**LISTED RECORDS:**
>>>>>
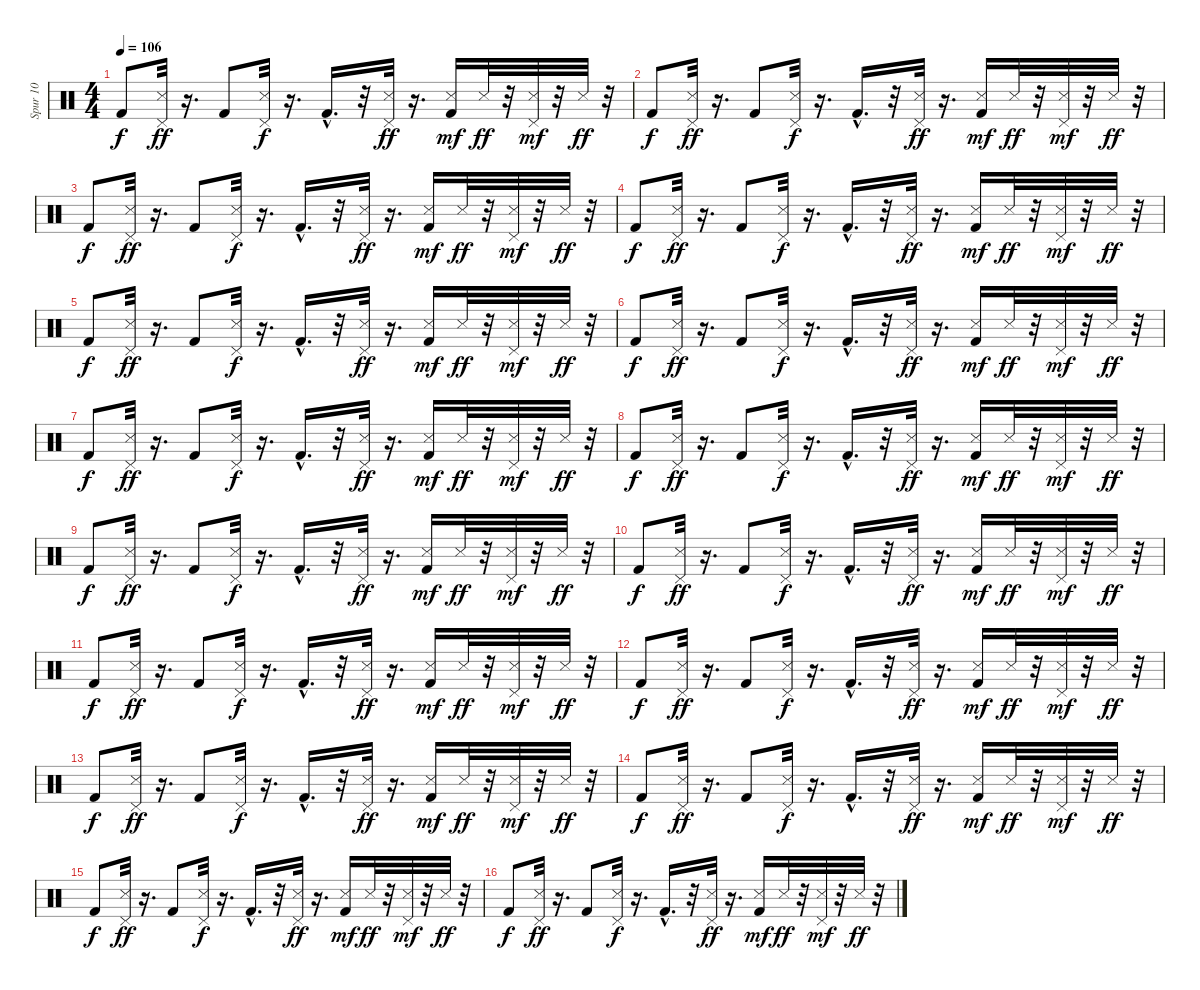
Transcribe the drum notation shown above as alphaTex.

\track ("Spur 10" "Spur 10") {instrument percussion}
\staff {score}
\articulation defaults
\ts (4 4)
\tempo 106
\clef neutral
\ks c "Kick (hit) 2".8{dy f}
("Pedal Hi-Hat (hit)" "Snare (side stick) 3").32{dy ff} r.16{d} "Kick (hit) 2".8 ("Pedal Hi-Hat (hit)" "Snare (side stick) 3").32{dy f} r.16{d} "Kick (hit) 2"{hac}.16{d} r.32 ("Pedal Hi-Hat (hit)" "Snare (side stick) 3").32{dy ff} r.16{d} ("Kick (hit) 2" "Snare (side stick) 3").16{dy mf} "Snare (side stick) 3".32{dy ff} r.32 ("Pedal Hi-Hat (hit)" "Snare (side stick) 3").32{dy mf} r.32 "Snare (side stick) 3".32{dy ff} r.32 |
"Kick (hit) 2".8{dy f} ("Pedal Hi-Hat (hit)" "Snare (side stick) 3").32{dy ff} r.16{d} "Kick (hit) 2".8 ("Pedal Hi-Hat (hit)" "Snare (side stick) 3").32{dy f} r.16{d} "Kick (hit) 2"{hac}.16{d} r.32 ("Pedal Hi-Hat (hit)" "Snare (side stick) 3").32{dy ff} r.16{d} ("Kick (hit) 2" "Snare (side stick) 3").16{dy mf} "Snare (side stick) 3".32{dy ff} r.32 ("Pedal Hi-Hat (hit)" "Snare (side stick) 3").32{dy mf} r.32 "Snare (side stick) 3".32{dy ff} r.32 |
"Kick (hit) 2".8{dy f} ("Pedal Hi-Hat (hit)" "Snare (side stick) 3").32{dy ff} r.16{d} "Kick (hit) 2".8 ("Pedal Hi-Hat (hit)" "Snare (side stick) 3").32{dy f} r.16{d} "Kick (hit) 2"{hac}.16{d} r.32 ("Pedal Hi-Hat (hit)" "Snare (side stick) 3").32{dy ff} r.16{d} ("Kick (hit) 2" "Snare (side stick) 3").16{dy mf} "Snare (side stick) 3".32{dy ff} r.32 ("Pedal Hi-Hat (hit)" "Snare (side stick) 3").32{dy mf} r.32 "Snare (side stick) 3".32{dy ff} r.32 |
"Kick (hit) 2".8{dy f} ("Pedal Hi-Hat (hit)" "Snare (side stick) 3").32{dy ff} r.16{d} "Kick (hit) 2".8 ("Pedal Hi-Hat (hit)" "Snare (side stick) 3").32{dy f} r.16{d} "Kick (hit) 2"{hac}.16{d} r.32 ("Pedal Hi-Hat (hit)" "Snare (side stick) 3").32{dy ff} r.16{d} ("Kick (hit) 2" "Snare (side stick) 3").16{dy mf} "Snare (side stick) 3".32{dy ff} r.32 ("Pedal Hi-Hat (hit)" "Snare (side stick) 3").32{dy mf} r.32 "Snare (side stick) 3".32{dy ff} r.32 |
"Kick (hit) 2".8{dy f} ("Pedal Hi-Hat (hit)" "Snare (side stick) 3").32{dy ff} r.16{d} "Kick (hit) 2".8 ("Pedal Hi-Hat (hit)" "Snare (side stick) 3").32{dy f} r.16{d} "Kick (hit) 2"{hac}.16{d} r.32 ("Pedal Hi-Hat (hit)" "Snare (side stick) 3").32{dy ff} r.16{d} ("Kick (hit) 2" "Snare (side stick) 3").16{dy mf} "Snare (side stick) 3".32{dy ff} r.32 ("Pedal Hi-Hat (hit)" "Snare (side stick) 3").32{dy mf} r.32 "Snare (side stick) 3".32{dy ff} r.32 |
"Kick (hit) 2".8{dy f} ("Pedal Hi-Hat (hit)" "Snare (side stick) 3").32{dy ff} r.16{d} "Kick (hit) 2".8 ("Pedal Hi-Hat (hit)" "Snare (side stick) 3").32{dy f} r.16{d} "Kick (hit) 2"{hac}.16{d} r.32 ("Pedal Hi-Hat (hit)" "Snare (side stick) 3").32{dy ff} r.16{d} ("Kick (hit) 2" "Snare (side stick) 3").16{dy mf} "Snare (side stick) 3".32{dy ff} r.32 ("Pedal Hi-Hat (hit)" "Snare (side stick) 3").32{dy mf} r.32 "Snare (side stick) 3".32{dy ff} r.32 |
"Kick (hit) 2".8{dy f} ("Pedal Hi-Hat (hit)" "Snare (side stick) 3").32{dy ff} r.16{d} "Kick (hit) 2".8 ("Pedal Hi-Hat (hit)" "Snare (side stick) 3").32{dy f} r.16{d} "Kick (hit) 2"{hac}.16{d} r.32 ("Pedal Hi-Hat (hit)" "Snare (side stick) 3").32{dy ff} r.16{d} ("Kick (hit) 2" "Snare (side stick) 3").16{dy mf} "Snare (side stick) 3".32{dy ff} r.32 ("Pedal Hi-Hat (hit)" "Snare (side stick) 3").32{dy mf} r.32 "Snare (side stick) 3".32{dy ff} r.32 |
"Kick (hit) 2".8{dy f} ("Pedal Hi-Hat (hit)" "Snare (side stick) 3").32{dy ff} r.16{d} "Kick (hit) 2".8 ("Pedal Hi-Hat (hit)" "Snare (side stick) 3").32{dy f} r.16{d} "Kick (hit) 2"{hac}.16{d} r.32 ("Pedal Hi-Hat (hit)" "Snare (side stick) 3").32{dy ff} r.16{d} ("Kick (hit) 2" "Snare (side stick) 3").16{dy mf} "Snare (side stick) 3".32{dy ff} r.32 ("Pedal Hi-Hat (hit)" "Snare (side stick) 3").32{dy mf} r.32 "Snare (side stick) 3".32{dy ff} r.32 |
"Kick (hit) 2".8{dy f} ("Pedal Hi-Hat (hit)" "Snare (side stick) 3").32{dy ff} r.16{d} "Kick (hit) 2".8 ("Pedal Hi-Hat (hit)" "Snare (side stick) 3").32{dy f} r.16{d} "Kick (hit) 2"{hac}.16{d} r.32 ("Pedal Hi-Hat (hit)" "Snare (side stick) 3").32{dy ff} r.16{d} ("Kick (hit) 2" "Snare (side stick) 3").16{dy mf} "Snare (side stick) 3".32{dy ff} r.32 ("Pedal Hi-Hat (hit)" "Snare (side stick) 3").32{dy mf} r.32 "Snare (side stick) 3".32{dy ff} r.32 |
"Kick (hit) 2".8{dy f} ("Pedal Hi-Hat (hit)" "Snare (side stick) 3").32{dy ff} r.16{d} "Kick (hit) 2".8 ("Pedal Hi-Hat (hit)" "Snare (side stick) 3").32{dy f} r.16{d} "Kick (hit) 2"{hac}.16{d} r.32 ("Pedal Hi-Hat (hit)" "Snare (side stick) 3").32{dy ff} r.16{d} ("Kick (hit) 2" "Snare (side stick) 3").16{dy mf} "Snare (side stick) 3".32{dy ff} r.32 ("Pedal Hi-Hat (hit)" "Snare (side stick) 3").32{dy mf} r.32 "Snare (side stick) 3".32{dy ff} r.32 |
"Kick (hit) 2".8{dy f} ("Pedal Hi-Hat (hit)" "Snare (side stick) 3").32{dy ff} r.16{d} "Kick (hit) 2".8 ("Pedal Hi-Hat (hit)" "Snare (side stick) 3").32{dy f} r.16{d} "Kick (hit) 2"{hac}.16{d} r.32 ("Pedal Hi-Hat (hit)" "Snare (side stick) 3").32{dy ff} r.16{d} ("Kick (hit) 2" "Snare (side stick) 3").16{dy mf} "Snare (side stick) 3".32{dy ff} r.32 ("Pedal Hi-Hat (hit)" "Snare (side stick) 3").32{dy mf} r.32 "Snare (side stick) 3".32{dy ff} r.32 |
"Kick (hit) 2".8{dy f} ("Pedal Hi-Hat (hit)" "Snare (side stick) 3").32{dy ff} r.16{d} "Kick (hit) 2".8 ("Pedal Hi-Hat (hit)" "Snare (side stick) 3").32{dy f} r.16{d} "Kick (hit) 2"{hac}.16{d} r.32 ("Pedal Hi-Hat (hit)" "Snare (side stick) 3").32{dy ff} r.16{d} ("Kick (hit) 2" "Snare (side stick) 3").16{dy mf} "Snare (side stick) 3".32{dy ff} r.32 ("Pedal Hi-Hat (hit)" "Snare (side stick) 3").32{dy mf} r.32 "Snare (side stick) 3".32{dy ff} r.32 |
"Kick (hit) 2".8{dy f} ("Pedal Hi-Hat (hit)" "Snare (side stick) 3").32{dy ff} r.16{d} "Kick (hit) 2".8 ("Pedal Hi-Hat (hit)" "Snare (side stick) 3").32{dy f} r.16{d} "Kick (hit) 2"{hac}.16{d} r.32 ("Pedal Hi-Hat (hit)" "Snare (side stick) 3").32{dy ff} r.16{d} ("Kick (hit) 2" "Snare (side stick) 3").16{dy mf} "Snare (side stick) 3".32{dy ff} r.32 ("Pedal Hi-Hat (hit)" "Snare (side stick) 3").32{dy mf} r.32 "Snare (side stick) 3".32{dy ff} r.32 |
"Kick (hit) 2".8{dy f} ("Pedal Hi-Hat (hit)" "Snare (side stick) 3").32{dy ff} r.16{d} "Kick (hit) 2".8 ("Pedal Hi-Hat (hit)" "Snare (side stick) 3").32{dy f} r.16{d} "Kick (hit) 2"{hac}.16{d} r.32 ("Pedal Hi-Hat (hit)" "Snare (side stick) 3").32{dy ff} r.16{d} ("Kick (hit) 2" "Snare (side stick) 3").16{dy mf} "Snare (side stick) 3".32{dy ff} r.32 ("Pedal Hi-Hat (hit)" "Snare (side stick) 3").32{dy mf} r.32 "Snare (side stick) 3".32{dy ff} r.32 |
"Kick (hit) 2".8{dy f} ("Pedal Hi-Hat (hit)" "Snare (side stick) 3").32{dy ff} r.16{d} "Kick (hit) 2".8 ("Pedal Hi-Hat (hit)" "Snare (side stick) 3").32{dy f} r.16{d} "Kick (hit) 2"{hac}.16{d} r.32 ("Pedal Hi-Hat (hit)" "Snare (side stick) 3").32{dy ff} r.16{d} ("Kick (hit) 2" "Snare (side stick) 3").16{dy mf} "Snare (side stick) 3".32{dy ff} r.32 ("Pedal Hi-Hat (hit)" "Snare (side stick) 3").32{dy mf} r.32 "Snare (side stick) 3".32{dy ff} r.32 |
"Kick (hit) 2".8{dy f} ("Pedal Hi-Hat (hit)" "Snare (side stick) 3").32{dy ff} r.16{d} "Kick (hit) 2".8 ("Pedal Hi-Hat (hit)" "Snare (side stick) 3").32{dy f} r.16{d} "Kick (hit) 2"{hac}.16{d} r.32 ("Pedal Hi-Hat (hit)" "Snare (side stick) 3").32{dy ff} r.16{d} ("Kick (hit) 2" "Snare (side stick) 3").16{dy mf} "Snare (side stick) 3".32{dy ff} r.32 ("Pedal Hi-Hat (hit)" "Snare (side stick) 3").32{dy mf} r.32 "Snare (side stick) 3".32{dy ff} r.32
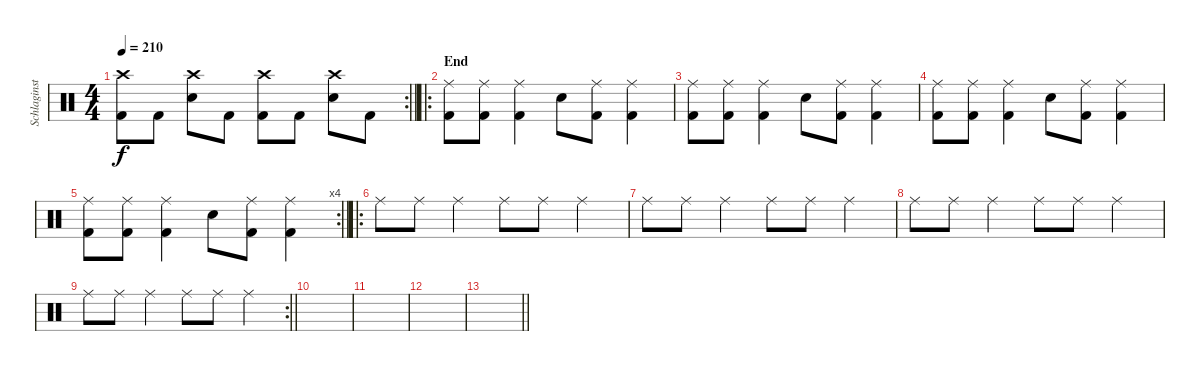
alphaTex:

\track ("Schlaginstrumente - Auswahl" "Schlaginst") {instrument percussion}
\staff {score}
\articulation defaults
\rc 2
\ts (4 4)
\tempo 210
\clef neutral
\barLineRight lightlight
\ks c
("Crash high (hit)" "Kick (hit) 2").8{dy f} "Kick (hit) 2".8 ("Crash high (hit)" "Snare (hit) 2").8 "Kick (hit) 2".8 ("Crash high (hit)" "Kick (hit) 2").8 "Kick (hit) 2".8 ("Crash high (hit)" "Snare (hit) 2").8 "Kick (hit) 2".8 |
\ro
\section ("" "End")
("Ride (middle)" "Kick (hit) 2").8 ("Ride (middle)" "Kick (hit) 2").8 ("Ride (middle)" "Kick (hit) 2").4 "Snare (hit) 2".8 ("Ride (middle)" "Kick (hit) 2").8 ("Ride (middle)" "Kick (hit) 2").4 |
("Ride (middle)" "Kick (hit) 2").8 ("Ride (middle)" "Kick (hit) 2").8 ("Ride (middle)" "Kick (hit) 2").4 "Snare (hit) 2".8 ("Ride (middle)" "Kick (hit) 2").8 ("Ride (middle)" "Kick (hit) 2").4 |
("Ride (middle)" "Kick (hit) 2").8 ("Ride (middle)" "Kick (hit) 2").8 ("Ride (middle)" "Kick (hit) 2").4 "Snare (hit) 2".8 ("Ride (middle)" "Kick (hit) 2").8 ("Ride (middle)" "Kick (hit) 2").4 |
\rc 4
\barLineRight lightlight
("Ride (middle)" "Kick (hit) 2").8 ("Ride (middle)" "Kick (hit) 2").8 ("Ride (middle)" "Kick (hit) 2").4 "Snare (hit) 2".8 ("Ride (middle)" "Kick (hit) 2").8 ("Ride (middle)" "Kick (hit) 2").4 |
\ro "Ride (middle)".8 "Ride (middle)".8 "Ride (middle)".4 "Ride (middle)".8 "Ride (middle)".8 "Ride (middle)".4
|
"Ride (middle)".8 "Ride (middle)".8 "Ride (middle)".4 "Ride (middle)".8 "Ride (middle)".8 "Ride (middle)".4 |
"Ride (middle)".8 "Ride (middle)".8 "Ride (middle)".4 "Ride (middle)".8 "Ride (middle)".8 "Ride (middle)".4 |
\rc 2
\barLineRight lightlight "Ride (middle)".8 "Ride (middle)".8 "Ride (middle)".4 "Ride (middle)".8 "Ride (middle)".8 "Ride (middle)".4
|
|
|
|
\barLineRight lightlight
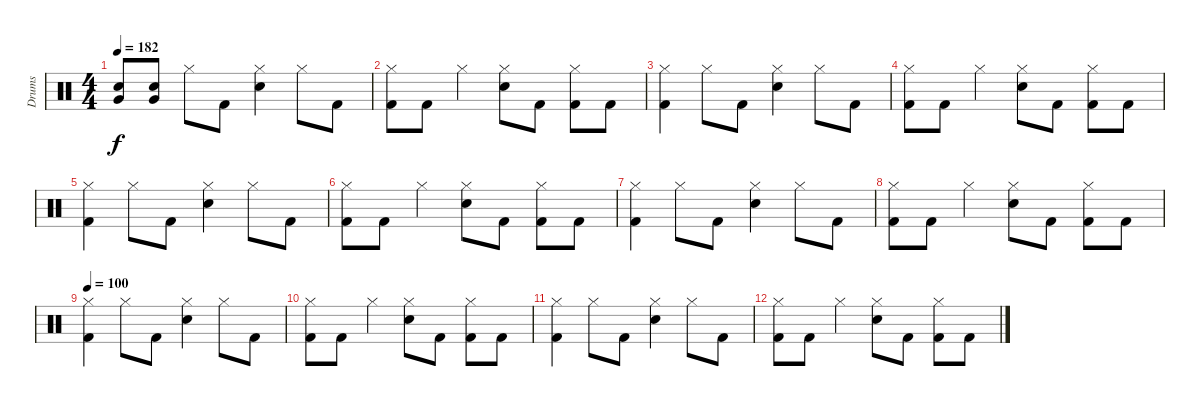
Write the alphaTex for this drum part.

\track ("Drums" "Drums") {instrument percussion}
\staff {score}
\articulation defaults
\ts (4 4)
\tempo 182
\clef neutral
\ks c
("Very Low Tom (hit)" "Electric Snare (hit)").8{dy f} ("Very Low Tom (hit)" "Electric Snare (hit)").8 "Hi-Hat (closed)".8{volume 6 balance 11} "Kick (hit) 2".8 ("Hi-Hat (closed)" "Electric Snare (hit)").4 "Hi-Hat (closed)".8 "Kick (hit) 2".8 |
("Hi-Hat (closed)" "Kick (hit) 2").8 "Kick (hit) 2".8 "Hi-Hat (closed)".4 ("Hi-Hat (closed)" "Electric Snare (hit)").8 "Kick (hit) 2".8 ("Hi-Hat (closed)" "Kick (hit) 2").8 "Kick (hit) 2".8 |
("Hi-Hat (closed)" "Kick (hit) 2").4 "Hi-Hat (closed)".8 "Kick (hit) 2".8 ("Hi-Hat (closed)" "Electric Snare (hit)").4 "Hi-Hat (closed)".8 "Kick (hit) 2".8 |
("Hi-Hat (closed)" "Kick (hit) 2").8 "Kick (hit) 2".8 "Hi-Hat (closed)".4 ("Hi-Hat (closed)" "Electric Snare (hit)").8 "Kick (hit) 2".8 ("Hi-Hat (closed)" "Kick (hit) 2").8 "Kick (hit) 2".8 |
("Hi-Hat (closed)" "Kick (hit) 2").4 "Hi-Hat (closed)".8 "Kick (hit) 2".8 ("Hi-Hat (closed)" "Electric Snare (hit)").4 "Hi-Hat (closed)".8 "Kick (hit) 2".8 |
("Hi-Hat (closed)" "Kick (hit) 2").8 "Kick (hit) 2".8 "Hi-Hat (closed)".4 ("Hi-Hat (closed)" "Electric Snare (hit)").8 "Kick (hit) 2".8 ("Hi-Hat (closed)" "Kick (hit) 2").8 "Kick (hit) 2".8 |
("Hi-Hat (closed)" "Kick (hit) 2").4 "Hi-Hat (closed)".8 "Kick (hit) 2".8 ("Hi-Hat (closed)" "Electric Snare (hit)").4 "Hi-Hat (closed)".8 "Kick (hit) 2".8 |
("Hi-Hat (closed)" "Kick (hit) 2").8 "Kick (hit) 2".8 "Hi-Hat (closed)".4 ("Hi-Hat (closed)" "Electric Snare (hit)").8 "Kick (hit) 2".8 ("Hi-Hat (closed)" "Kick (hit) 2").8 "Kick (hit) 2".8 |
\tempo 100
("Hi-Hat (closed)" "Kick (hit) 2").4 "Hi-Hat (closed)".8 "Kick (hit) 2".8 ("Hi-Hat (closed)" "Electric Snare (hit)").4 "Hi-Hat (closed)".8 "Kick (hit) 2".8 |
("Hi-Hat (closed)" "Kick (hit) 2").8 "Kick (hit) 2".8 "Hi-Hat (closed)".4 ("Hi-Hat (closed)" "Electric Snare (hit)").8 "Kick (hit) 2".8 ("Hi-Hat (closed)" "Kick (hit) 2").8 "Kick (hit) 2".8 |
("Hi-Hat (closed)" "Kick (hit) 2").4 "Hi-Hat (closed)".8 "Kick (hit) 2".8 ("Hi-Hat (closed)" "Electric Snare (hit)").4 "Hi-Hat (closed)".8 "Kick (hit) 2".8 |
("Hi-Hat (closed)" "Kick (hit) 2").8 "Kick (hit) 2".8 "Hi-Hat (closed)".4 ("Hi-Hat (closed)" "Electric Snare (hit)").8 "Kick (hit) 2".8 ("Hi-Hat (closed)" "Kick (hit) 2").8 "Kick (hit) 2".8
<<<<<
**TASK REQUIREMENTS:** Determine how many lines in the records include the word "tempo", and reply with that number alone.

**TASK OUTPUT:** 4